Field
This application relates generally to communication systems, and, more particularly, to Wi-Fi communication systems.
Related Art
Wi-Fi networks are very challenged in open, high density traffic areas, and in general, in environments requiring high capacity, where a large number of Access Points (APs) need to be deployed in close proximity to each other for capacity reasons. Moreover, the high level of resulting interference pollution is further amplified when some users decide independently to configure their Wi-Fi enabled devices as temporary APs.
This is because the 802.11 Medium Access Control (MAC) with Carrier Sensing Multiple Access and Collision Avoidance (CSMA/CA) is a distributed access mechanism that is known not to perform well in highly congested areas, which are areas in which the medium is almost continuously busy. Highly congested areas are typical to public venues (e.g., airports, concert arenas, stadium environments during sport events).
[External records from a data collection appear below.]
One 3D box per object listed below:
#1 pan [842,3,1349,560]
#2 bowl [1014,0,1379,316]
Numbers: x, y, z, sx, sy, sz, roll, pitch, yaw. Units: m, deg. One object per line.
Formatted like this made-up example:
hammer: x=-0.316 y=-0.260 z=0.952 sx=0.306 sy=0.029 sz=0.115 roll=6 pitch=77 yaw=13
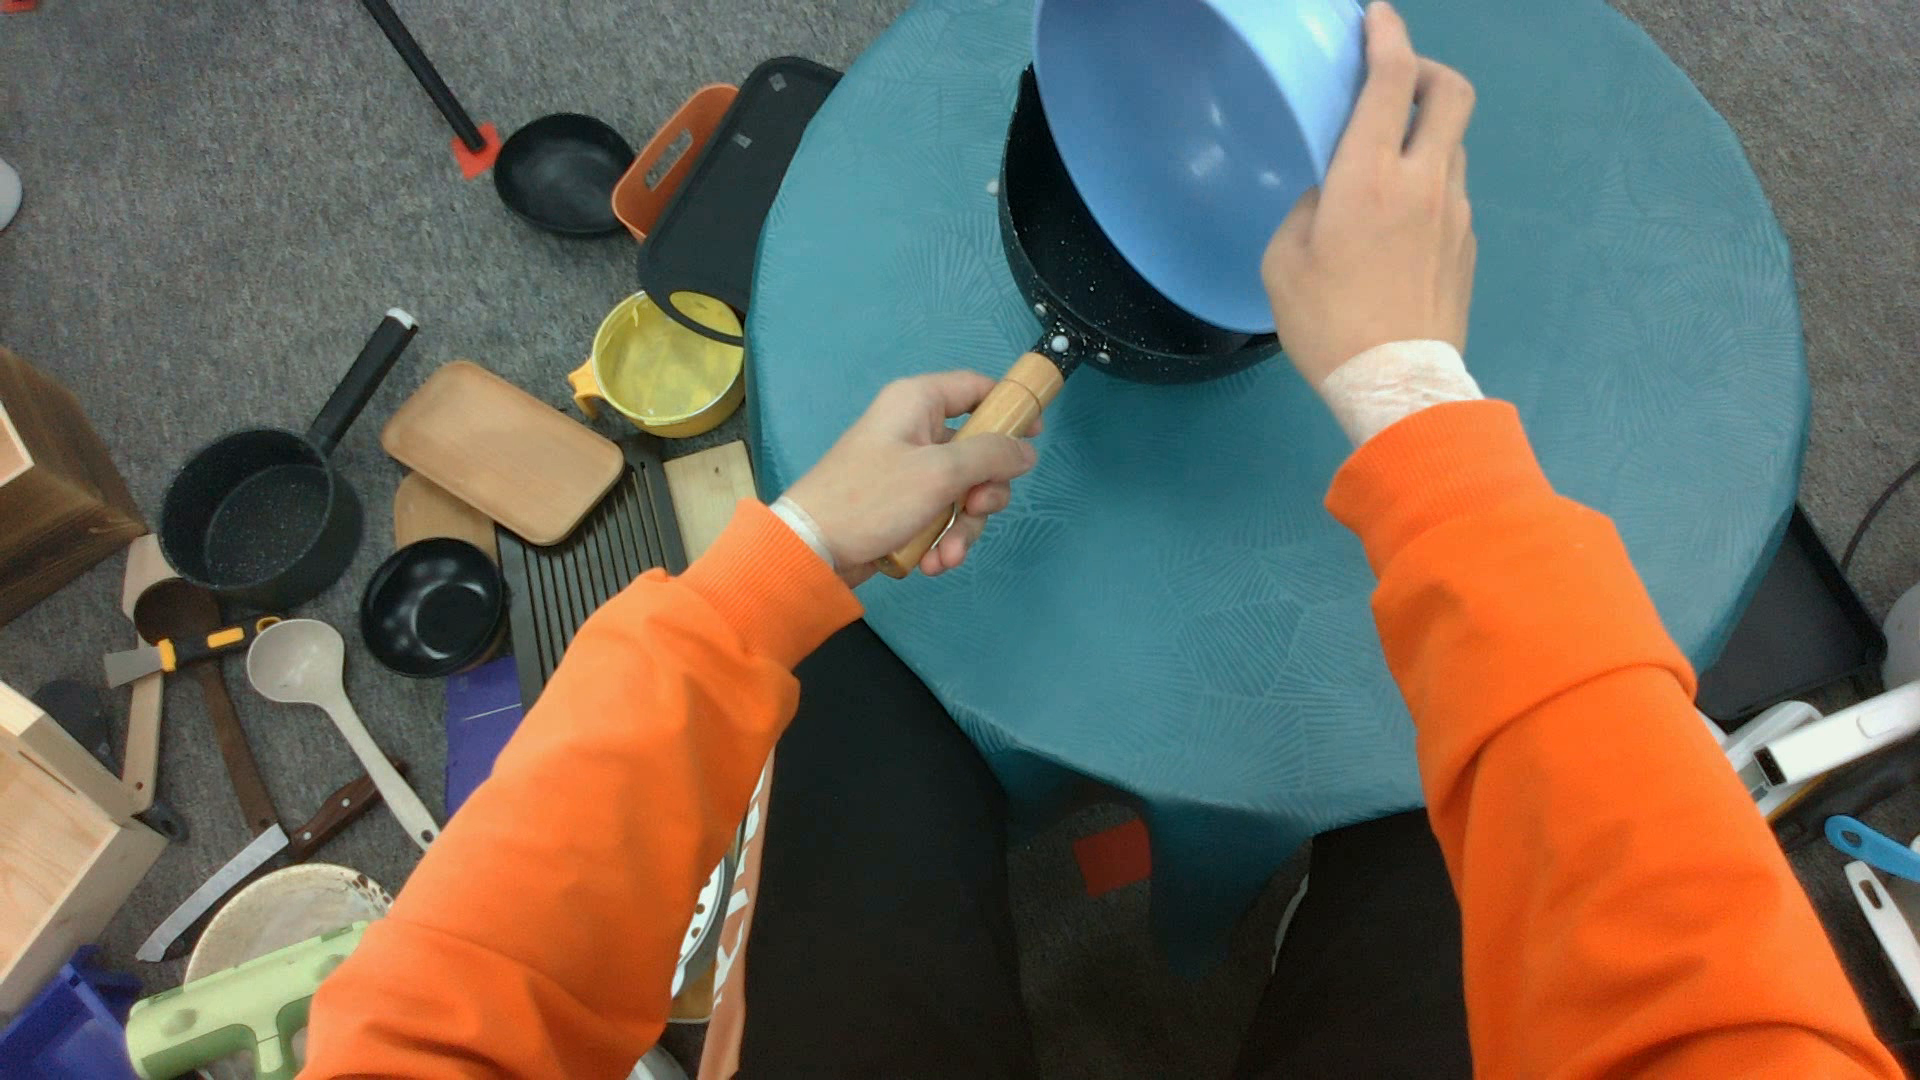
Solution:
pan: x=0.055 y=-0.115 z=0.693 sx=0.207 sy=0.108 sz=0.343 roll=36 pitch=75 yaw=3
bowl: x=0.125 y=-0.215 z=0.654 sx=0.096 sy=0.195 sz=0.196 roll=-35 pitch=72 yaw=-20

Optimization of Wi-Fi technologies based wireless access systems typically consists of the performance of Radio Frequency (RF) planning and channel assignment to minimize the likelihood that Wi-Fi APs in proximity of each other select the same channel and create strong interference to each other. While RF planning and channel assignment is a very critical optimization procedure, it has limitations that are easy to understand in open public spaces, such as stadiums during sporting events. Even with a large number of independent non-overlapping channels (e.g., as permitted in the 5 GHz spectrum), the high capacity requirements call for a very tight Wi-Fi AP-to-AP spatial separation, which combined with reflection and bouncing of radio signals may result in significant co-channel interference. The combination of heavy traffic (high activity) and radio pollution drive the Wi-Fi operation towards a less efficient regime (e.g., lower achievable rates and poor overall system performance).